The Clovis culture is known from localities across North America, from southern Canada to northern Mexico and across the east and west of the continent. The area of its origin remains unclear, though the development of fluted Clovis points appears to have occurred in North America south of the Laurentide Ice Sheet and not in Beringia. The Clovis culture may have originated from the Dyuktai Cave lithic style widespread in Beringia. While some authors have suggested that the Clovis culture resulted from diffusion of traditions through an already pre-existing Paleoindian population, others have asserted that the culture likely originated from the expansion of a single population. In Western North America, the Clovis culture was contemporaneous with and perhaps preceded by the Western Stemmed Tradition, which produced unfluted projectile points, with the Western Stemmed Tradition continuing in the region for several thousand years after the end of Clovis.Rosencrance, R. L., D. Duke, A. Hartman, and A. Hoskins. 2024. "Western Stemmed Tradition Projectile Point Chronology in the Intermountain West". In Current Perspectives of Stemmed and Fluted Technologies in the American Far West, edited by K. N. McDonough, R. L. Rosencrance, and J. E. Pratt, 21–58. Salt Lake City: University of Utah Press.

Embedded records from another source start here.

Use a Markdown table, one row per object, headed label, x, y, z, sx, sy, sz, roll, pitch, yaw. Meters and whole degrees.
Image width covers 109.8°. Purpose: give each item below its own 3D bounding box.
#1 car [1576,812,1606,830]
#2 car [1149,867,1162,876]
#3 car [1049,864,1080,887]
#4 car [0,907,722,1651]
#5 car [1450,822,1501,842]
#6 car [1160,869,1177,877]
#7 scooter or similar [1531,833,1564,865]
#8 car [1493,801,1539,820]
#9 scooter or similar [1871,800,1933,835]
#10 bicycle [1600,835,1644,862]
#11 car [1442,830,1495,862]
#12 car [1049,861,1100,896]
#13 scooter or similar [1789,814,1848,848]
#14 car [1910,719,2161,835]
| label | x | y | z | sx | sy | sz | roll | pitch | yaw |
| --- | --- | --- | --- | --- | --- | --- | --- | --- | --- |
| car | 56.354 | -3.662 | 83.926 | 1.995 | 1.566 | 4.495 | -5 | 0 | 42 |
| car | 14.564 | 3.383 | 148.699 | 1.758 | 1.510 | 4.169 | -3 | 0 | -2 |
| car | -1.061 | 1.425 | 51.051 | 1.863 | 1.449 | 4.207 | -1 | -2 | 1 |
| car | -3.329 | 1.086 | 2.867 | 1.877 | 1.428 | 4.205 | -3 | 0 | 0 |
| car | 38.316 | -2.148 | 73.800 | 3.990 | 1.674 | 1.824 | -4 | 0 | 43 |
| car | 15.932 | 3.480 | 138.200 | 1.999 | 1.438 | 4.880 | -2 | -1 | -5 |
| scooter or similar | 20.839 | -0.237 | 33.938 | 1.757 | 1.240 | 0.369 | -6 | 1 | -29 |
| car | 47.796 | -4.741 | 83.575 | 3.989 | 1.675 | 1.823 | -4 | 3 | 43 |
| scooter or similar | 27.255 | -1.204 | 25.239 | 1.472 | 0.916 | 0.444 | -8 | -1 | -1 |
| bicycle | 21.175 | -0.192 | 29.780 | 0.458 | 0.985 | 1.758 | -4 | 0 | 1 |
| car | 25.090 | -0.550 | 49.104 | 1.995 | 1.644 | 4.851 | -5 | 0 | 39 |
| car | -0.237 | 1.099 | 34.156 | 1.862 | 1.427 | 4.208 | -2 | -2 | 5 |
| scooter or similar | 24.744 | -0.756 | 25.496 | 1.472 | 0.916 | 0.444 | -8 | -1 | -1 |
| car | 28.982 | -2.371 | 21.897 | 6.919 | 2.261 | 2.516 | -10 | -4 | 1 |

The end of the Clovis culture may have been driven by the decline of the megafauna that the Clovis hunted, as well as decreasing mobility, resulting in local differentiation of lithic and cultural traditions across North America. This is generally considered to be the result of normal cultural change through time. There is no evidence that the disappearance of the Clovis culture was the result of the onset of the Younger Dryas, or that there was a population decline of Paleoindians following the end of the Clovis culture.
The Clovis culture was succeeded by various regional point styles, such as the Folsom tradition in central North America, the Cumberland point in mid/southern North America, the Suwannee point and Simpson point points in the southeast, and the Gainey points in the northeast-Great Lakes region. The Clovis and Folsom traditions may have overlapped, perhaps for around 80–400 years.
A number of authors have suggested that the Clovis culture is ancestral to other fluted point-producing cultures in Central and South America, like the widespread Fishtail or Fell point style.